SAKSHI CHHABRA
4 min readMar 10, 2022

Document-Oriented Database/ Document store

In the current and upcoming three blogs we are going to discuss various types of NoSQL database i.e. document database, key-value store, wide column store and graph database.

What are NoSQL databases and their properties?

NoSQL are non-tabular databases which store data differently from relational tables. NoSQL came into picture to store semi-structured data and to save time by avoiding complex joins by storing all data related to an object at one place.

BASE is often used to describe the properties of NoSQL databases. In comparison to CAP, BASE chooses availability over consistency.

  • Basically available — system guarantees availability
  • Soft state — state of system may change overtime without any input
  • Eventual consistency — system becomes consistent over time, given that system doesn’t receive any input within given time.

What is document store?

Document store is the first category of No-SQL database. Document-Oriented Database is a data storage system used for storing, managing and retrieving documents(XML, JSON, etc). Document databases are used to store semi-structured data.

A document is a record stored in a database and typically stored information about one object and related metadata.
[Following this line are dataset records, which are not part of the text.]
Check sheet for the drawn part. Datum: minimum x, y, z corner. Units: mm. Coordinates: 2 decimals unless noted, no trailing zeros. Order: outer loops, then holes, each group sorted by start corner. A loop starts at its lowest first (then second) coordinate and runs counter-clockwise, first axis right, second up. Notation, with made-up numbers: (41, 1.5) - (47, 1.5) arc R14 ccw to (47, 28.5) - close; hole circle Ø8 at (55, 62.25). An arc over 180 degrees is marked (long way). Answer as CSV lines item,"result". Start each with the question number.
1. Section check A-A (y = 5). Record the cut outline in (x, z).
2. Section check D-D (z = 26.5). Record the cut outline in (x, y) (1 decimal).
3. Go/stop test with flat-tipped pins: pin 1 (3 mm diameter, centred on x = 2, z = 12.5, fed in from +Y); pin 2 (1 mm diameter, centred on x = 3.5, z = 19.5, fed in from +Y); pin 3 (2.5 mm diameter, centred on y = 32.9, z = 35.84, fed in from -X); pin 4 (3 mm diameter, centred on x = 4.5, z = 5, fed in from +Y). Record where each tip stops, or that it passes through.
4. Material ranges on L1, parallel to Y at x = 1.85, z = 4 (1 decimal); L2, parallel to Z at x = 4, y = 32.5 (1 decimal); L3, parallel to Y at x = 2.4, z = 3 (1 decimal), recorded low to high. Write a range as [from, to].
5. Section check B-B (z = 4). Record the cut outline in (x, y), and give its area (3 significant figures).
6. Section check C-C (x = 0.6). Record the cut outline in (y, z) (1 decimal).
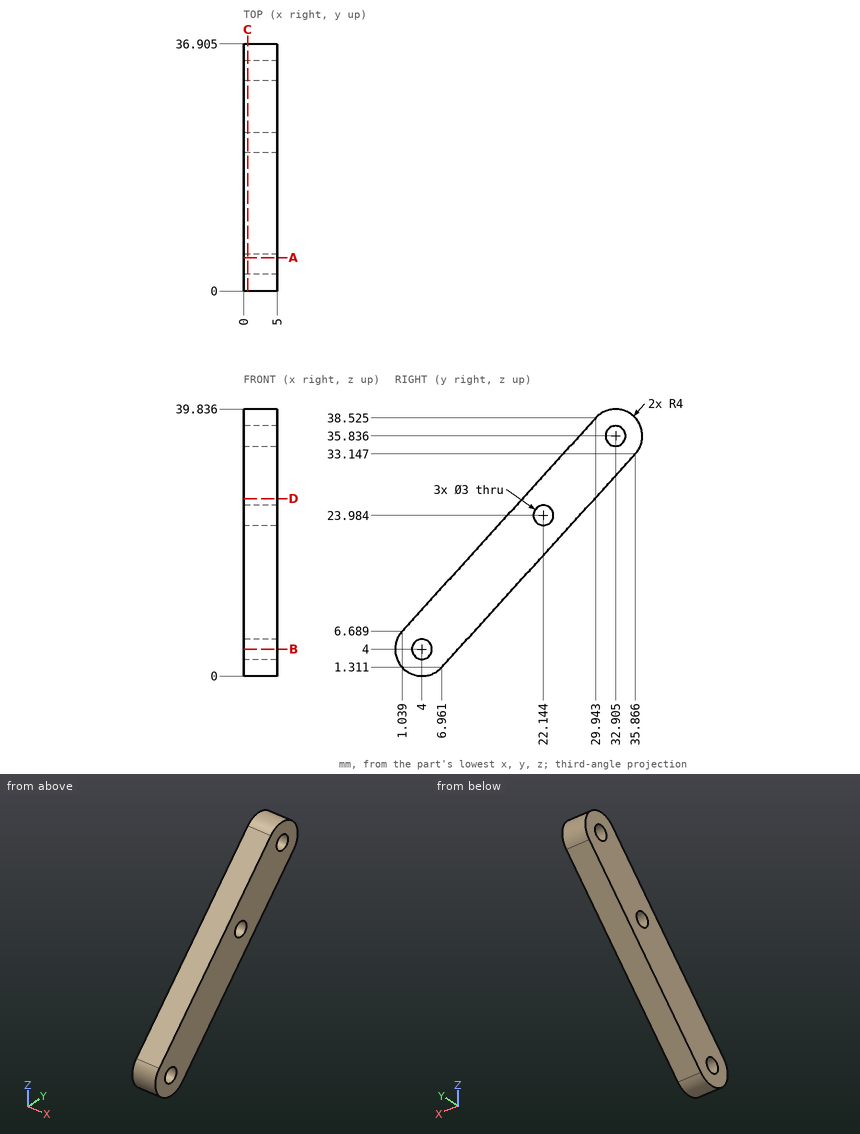
Evaluation:
1,outline,"(0, 0.13) - (5, 0.13) - (5, 2.88) - (0, 2.88) - close; (0, 5.12) - (5, 5.12) - (5, 11.05) - (0, 11.05) - close"
2,outline,"(0, 19) - (5, 19) - (5, 29.8) - (0, 29.8) - close"
3,pin 1,"stops at y = 18.48"
3,pin 2,"stops at y = 23.93"
3,pin 3,"passes through"
3,pin 4,"stops at y = 11.67"
4,L1,"y = [0, 2.5], [5.5, 9.4]"
4,L2,"z = [29.4, 34.4], [37.3, 39.8]"
4,L3,"y = [0.1, 2.9], [5.1, 8.5]"
5,outline,"(0, 0) - (5, 0) - (5, 2.5) - (0, 2.5) - close; (0, 5.5) - (5, 5.5) - (5, 9.4) - (0, 9.4) - close"
5,area,"32.0 mm²"
6,outline,"(1, 6.7) arc R4 ccw to (7, 1.3) - (35.9, 33.1) arc R4 ccw to (29.9, 38.5) - close; hole circle Ø3 at (4, 4); hole circle Ø3 at (22.1, 24); hole circle Ø3 at (32.9, 35.8)"

Documents store data in key-value pair.

Understanding Normalization in Document Database:

Document databases aren’t normalized i.e. data could be repeated in multiple documents.

For example when customer makes a purchase at online store, and all the the information related to purchases is stored in document database.
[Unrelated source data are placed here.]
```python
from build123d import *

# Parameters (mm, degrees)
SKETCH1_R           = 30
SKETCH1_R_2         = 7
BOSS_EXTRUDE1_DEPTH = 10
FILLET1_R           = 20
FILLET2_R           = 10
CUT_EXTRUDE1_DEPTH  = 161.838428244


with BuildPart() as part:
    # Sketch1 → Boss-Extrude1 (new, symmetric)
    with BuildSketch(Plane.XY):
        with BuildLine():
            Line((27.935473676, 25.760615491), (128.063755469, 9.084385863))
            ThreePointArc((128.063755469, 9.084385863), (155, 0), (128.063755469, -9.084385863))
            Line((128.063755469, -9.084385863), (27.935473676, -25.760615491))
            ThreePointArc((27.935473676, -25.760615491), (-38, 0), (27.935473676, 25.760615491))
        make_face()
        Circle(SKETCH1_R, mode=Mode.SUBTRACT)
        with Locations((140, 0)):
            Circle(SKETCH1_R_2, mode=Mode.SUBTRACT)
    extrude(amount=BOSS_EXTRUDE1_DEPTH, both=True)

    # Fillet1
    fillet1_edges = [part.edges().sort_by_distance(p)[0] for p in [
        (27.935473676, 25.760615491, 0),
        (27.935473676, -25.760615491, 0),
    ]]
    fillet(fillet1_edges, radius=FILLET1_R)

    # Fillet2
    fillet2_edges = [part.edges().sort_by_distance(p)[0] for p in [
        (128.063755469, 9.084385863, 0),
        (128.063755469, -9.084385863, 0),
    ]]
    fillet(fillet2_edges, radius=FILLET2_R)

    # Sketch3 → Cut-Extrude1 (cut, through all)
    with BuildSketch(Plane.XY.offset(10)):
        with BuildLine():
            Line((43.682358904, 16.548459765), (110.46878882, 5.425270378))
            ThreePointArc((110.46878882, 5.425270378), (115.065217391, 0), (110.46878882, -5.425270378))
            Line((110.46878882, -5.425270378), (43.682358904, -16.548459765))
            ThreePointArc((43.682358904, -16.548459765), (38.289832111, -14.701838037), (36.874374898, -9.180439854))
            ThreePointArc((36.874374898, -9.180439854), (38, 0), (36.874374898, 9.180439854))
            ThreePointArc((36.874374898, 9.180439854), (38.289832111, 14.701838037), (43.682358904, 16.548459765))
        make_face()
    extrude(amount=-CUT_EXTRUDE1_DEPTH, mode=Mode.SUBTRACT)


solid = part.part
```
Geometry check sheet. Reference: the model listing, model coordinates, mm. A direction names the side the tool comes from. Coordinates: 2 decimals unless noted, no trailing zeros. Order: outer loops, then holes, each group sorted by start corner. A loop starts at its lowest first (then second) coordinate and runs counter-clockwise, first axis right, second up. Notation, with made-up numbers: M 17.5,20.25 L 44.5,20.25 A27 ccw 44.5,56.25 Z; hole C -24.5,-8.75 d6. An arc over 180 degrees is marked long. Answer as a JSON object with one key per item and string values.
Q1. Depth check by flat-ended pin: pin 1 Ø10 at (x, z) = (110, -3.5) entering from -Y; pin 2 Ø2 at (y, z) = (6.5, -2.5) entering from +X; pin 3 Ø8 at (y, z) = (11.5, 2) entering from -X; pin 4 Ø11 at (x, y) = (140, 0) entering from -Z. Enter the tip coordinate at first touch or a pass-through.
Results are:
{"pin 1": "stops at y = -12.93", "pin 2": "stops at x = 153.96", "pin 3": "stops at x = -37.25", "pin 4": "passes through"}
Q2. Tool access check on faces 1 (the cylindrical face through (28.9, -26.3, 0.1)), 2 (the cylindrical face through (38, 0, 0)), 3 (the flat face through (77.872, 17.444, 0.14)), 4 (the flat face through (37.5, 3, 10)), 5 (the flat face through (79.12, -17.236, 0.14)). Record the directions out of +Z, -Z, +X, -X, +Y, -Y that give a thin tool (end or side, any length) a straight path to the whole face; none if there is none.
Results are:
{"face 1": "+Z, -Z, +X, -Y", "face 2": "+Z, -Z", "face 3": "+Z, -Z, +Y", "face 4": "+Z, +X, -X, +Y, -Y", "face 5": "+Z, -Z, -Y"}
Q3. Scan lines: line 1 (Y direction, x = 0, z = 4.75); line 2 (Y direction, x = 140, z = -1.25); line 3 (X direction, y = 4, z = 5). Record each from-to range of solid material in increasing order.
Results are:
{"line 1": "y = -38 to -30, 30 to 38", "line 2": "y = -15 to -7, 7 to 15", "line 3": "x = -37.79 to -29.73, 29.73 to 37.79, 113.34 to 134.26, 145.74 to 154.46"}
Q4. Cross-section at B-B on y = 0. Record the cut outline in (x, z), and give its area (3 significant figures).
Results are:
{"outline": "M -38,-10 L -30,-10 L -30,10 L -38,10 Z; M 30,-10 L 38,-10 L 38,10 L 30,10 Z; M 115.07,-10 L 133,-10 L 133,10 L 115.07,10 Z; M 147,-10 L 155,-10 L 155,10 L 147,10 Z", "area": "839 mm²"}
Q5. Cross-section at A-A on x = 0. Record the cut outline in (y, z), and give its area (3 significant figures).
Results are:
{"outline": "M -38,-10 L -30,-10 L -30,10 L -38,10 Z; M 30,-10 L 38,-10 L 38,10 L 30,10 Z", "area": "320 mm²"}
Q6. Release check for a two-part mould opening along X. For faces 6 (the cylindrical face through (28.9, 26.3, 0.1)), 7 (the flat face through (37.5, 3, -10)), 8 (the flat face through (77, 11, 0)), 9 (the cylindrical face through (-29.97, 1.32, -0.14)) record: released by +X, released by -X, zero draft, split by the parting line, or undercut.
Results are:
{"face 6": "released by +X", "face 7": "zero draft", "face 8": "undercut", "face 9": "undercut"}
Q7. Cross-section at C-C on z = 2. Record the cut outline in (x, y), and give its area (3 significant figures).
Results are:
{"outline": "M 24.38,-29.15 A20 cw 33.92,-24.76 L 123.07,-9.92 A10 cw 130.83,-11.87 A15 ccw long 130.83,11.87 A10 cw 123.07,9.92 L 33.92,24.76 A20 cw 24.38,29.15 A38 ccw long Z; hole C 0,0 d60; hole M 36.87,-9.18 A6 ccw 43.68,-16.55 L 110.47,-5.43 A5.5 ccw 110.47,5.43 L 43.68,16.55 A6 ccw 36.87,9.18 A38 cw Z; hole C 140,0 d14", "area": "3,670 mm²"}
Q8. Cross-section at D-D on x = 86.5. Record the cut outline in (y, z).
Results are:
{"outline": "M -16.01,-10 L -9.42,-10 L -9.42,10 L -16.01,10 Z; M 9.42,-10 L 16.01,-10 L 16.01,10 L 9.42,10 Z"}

One purchase might look like:

Document object storing single transaction

After sometime, customer makes another purchase which will look something like:

Document object storing single transaction — 2

Notice the redundancy between two documents — shopper information and shopperId. But it’s okay as storage is inexpensive and each record contains single transaction which can be retrieved quickly using simple key-value query without any joins.

Collections:

Collections is a group of documents with similar content. However, its not necessary for all the documents to have same fields as document database gives flexible schema.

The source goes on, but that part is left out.